Secondly, despite variations in genetic susceptibilities to IHD in

different ethnic groups, the common environmental and traditional

coronary heart disease risk factors pathogenetically play their roles

through a common final pathway in the development of clinical

atherosclerotic heart disease in all ethnic groups. Marked regional

differences in the impact of CVDs merely reflect a myriad of

factors, among them the level of care, quality of health statistics,

and differences in stages of socio-economic, nutritional and

epidemiological transition between countries, communities and

even between individuals.

Thirdly, as societies undergo ‘urbanisation’, risk-factor levels

for CVDs including IHD increase. For instance, only about 5% of

Africans were urbanised by 1900. At the start of independence in

the 1950s, 14.7% of inhabitants of Africa were urban.
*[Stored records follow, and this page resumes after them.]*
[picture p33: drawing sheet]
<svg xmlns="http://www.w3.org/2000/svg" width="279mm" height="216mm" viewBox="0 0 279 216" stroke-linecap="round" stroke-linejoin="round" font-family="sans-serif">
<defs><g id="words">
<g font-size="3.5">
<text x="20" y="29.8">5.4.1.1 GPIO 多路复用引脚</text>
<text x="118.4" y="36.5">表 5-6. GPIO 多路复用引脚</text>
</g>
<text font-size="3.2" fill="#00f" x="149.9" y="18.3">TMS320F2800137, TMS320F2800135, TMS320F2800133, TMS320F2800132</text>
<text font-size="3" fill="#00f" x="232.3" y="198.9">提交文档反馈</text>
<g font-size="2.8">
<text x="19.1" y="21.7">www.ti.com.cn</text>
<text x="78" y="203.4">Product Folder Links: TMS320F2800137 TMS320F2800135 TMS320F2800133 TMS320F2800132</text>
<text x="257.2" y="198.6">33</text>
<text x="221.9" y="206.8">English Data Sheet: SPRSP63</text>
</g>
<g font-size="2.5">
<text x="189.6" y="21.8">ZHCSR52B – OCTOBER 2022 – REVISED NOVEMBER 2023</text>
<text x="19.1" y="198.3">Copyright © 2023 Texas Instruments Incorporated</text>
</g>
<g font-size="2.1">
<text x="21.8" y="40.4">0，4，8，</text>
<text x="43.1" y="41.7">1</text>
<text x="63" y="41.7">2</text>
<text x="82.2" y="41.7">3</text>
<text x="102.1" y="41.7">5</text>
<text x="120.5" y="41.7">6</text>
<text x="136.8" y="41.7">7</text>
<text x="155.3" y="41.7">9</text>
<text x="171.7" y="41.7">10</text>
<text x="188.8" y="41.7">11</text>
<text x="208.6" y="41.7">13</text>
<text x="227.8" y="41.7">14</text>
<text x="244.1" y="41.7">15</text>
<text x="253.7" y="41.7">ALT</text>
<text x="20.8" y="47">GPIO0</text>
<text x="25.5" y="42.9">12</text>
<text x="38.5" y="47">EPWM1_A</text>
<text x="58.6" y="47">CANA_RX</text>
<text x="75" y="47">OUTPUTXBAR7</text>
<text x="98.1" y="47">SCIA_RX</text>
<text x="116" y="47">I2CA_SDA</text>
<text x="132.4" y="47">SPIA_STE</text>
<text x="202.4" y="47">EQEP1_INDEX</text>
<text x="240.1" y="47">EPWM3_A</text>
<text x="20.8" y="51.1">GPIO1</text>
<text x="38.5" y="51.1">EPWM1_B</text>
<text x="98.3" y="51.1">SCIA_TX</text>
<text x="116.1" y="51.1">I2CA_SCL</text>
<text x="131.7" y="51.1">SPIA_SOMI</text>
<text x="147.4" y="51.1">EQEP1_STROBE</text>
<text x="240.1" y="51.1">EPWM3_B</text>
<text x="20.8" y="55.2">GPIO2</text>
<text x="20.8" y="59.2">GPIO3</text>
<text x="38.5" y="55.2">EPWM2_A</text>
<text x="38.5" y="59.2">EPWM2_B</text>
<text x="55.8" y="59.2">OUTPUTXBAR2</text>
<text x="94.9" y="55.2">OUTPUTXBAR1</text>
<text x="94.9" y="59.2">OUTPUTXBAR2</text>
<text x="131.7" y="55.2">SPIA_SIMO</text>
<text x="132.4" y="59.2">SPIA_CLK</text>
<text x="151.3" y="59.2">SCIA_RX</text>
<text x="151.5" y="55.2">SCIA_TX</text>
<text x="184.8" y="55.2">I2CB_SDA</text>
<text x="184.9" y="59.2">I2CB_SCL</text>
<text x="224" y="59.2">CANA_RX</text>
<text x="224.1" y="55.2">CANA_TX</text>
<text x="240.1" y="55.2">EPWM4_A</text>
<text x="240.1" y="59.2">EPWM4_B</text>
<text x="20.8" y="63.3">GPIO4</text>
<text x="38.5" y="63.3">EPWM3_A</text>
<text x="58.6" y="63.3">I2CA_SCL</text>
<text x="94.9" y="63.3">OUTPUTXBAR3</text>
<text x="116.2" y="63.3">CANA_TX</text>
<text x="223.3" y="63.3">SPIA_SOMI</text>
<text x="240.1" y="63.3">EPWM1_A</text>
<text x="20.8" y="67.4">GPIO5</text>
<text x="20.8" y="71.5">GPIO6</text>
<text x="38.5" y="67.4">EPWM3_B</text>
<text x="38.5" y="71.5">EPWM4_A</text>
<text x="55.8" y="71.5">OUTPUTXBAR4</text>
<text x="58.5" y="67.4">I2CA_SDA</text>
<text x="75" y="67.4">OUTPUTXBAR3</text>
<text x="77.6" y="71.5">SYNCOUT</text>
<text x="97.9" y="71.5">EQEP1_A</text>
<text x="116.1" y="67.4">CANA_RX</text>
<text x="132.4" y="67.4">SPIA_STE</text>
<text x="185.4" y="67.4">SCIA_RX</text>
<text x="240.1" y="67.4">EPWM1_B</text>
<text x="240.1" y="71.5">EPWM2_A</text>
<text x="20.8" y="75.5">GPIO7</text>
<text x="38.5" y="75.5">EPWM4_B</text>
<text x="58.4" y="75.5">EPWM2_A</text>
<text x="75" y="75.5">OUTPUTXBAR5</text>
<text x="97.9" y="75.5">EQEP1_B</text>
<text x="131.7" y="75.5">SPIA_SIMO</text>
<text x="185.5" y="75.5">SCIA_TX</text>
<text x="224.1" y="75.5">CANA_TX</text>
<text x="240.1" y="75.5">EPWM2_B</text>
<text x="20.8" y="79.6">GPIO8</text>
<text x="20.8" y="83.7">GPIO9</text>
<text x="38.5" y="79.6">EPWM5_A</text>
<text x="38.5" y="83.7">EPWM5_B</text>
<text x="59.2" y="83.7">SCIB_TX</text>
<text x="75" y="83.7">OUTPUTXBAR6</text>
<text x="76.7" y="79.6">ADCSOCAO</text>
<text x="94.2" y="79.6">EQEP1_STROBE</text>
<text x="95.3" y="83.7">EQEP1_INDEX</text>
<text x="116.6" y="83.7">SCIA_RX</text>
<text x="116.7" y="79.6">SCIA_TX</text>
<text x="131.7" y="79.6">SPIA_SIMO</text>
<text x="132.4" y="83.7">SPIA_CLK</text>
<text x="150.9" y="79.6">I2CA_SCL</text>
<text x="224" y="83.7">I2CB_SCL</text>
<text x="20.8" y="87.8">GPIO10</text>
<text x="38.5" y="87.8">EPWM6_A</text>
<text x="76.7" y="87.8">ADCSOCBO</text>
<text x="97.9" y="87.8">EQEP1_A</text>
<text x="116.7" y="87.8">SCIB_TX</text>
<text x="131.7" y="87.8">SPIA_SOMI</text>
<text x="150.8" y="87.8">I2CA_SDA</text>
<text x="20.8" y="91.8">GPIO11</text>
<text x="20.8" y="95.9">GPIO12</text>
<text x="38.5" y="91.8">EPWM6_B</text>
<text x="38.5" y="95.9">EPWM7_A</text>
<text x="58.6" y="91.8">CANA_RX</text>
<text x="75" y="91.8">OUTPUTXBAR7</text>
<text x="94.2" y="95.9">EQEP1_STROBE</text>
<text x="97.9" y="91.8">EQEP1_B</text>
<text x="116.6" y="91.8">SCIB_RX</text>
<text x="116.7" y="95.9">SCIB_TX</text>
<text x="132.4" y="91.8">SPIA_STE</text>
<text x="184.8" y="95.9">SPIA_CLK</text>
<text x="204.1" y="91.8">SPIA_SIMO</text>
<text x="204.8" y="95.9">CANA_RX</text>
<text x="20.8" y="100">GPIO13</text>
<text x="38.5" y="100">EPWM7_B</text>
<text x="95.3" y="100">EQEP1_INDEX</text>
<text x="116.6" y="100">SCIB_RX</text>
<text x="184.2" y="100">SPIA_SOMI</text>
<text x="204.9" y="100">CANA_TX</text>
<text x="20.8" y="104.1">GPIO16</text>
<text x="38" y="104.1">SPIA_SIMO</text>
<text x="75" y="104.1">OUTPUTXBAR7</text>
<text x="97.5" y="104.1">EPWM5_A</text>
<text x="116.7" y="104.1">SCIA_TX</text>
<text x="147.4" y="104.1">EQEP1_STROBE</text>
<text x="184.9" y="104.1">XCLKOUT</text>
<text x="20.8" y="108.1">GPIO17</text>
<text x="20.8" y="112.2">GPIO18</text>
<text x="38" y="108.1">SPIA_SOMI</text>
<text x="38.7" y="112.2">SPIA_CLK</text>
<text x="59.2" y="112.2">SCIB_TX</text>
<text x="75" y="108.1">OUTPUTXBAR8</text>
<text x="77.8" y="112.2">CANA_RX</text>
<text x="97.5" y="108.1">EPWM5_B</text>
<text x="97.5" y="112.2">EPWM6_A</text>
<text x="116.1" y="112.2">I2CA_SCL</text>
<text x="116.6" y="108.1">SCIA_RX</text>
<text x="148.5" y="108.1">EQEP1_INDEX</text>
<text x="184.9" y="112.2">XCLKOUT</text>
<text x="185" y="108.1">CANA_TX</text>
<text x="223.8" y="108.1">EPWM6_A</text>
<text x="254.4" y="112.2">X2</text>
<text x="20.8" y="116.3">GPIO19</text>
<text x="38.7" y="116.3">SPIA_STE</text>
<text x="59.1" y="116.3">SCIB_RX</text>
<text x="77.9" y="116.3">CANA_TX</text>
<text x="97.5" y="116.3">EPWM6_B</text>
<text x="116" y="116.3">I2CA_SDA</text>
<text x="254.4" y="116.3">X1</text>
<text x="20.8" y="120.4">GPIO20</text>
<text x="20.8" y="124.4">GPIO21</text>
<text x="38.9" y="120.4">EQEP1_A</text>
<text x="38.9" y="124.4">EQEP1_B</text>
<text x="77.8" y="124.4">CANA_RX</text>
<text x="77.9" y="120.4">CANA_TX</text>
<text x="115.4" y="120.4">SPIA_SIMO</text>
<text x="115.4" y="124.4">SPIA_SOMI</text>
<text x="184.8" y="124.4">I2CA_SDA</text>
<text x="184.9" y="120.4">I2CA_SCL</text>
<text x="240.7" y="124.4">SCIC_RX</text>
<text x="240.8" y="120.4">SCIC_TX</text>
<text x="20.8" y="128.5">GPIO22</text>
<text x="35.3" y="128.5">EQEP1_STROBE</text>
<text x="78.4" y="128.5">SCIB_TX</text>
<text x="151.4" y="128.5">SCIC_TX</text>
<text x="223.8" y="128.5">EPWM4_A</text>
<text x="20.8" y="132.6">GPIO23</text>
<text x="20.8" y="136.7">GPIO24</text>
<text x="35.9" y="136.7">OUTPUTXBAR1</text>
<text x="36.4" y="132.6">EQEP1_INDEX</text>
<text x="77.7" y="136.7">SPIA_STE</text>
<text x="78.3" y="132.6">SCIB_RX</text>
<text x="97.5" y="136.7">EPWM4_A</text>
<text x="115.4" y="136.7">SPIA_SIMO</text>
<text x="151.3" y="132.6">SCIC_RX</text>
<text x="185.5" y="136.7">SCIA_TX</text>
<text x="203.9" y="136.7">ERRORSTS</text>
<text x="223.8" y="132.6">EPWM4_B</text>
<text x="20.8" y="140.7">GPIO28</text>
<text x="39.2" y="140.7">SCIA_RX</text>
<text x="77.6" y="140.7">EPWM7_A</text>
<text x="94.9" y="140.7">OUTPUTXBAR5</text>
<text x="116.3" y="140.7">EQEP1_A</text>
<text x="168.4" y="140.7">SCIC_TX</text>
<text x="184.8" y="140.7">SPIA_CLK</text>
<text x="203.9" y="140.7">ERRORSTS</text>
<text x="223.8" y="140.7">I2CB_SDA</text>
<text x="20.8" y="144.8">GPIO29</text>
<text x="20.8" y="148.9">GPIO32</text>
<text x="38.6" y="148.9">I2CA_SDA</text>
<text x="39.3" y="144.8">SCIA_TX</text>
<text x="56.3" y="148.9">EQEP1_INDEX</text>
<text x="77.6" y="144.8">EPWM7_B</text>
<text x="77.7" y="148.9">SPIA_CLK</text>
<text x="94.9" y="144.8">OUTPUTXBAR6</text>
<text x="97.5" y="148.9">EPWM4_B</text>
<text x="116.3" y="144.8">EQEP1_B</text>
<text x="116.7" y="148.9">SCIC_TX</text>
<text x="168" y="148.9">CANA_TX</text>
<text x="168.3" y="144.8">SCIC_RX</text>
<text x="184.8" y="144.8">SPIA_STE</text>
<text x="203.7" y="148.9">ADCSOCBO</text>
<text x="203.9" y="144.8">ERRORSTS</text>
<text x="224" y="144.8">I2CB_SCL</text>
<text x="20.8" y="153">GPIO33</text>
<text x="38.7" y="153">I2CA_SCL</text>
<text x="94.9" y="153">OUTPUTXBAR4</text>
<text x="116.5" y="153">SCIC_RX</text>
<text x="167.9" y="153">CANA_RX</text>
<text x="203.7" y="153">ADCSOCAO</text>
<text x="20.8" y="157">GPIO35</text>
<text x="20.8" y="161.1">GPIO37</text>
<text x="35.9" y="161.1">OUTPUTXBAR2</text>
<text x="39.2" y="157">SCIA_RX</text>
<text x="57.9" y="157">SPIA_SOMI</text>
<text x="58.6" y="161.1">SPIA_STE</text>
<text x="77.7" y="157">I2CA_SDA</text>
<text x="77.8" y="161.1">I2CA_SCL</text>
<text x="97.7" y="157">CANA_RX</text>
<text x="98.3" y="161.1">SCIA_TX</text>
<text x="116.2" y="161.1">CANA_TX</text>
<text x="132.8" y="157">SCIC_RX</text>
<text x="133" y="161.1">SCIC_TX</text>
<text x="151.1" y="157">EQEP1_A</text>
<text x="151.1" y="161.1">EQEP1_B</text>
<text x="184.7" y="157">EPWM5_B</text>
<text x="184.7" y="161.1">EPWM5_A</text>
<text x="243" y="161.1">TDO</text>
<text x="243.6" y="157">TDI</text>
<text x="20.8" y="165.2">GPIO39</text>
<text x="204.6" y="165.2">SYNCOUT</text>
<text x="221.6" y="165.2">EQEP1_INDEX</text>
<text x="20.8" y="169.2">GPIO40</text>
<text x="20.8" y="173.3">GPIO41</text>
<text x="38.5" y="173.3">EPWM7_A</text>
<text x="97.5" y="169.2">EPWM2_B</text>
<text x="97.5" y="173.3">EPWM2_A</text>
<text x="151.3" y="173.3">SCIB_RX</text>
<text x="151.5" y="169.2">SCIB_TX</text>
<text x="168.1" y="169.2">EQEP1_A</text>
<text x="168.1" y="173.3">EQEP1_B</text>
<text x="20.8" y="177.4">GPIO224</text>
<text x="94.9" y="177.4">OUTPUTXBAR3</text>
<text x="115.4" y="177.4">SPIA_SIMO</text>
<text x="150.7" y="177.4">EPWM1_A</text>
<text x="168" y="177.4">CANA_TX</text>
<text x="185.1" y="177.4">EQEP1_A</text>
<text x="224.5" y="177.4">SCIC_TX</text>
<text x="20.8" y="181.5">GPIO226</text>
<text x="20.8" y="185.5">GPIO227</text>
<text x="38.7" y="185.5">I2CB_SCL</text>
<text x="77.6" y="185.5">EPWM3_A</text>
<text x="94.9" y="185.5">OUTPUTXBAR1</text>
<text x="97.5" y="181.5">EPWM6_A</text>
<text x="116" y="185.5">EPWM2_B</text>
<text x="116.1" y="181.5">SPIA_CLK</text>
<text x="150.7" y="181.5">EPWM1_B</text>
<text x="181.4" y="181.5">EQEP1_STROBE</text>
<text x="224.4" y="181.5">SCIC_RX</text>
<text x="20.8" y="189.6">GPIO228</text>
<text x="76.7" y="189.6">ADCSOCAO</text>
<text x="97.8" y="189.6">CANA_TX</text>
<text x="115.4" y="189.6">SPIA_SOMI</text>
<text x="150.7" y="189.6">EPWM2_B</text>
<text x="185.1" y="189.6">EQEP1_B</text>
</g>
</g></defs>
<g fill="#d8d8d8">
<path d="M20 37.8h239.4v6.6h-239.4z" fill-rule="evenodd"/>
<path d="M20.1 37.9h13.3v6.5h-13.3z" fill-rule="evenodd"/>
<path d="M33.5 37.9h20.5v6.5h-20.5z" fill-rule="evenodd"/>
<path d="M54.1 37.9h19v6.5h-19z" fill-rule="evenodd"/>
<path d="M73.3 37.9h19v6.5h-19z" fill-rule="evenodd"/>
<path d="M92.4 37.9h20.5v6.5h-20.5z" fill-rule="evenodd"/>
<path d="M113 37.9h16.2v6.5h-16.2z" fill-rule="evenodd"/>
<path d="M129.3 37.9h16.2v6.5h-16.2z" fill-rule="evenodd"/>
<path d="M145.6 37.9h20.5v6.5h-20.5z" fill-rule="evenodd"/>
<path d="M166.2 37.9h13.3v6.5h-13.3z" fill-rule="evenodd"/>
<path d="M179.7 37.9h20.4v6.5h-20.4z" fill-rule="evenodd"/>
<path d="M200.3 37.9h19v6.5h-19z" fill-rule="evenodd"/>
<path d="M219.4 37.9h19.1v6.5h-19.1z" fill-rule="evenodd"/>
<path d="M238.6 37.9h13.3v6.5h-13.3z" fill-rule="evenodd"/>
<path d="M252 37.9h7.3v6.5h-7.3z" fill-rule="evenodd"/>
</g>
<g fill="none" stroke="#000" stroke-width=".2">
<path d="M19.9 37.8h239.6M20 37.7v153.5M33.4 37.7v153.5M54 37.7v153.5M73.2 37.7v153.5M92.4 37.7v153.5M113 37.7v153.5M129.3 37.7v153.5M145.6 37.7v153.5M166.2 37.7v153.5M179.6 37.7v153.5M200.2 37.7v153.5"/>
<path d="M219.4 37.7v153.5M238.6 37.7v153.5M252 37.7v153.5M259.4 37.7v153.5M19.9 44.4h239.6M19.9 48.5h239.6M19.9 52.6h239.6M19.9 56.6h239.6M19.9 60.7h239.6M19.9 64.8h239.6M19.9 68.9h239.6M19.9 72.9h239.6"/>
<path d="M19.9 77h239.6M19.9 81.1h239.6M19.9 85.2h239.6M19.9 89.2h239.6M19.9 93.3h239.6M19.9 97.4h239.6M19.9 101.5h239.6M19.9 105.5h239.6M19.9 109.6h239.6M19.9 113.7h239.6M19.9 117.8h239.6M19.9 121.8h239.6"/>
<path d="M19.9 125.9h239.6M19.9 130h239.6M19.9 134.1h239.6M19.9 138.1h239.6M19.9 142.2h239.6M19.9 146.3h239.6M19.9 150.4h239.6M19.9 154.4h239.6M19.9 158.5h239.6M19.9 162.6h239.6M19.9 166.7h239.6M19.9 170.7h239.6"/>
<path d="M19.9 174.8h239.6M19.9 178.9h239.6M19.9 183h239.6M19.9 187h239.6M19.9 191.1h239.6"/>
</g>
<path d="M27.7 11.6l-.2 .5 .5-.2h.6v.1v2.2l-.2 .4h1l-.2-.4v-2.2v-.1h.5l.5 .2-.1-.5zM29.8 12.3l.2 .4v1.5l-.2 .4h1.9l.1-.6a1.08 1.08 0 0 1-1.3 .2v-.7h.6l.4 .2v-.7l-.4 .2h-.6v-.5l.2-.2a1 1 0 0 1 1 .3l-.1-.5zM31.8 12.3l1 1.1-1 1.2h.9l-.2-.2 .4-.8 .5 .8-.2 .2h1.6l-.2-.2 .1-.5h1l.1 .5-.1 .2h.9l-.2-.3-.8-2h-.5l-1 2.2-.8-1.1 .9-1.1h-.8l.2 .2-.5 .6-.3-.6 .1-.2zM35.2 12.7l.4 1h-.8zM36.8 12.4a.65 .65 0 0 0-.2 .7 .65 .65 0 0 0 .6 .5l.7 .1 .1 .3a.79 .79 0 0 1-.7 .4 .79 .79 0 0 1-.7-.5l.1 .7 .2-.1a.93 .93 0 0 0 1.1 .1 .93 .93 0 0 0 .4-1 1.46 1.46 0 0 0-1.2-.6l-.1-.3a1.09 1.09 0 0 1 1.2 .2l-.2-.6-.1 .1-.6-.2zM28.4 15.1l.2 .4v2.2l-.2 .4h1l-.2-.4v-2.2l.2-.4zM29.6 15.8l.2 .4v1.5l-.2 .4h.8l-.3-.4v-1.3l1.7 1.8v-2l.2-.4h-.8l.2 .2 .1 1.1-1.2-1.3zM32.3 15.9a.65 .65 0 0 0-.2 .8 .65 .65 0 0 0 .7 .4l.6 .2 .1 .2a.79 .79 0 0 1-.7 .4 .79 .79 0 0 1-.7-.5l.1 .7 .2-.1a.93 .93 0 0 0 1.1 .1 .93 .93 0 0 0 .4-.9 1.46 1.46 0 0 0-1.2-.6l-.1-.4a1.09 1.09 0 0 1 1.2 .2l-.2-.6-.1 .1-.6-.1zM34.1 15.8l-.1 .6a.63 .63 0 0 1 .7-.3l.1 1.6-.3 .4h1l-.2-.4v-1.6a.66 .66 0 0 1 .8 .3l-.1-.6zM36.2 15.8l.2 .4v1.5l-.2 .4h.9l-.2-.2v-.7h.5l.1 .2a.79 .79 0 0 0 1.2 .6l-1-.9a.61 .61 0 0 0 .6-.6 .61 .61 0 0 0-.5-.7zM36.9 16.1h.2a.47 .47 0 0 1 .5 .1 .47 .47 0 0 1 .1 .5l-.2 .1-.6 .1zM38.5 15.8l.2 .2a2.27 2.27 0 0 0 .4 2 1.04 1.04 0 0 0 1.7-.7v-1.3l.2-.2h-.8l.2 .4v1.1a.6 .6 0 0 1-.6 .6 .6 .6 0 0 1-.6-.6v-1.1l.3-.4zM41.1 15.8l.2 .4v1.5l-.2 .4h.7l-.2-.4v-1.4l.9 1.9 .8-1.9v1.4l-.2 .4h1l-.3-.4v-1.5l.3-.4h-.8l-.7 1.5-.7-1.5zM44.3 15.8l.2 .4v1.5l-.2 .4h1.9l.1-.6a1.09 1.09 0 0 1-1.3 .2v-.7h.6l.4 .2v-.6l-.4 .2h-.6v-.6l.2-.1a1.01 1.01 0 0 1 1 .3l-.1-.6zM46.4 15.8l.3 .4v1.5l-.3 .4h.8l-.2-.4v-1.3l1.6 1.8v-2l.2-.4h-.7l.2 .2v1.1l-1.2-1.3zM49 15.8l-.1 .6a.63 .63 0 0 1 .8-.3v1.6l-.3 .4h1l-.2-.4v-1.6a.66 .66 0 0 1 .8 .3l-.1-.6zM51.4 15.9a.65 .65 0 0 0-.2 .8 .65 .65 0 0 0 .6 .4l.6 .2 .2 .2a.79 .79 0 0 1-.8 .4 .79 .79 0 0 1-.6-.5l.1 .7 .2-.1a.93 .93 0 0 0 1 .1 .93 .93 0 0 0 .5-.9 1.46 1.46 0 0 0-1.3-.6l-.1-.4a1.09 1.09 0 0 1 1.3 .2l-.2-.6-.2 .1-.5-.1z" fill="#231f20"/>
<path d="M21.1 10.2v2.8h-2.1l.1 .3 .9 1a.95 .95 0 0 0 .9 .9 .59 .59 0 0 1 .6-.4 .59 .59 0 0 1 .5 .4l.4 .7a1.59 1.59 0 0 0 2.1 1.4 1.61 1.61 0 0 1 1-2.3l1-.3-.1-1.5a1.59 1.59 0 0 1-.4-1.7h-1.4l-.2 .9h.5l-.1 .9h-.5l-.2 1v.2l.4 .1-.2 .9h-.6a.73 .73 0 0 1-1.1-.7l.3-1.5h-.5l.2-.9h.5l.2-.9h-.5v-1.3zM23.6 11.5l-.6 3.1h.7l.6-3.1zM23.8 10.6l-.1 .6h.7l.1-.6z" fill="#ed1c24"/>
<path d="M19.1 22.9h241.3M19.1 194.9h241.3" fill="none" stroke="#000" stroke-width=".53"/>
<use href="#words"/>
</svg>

In 2000,

the urbanisation rate had risen to 37.2%, and by 2015 the rate is

expected to hit 45.3% with continually high rates of rural–urban

migrations across Africa.

10

The burden of cardiovascular risk factors in SSA

Hypertension

Systemic arterial hypertension poses a special challenge in SSA,

with immense socio-economic implications because of its high

prevalence, especially in urban dwellers. Hypertension is arguably

the most powerful cardiovascular risk factor in the African context

and has been declared by the African Union as one of the greatest

health challenges to the continent other than HIV/AIDS. The problem

is compounded by lack of awareness, frequent under-diagnosis,

low levels of control and the severity of its complications.

11-13

Despite the dearth of data and marked variation between and

within studies, hypertension is estimated to affect 10 to 30% of

Africans, virtually one in six people. In West Africa, hypertension

affects 30 to 40% of people aged 65 years or older in rural areas,

and approximately 50% of semi-urban dwellers. In the mixed

population (Coloureds) of South Africa, 50 to 60% of people over

the age of 65 years have hypertension. These figures approximate

the 60 to 70% prevalence of hypertension in African-Americans

over 65 years of age.

14

An estimated 75 to 80 million Africans,

more than twice the global estimate of people with HIV/AIDS, had

hypertension in 2000. The number of Africans with hypertension

will escalate to 150 million by 2025.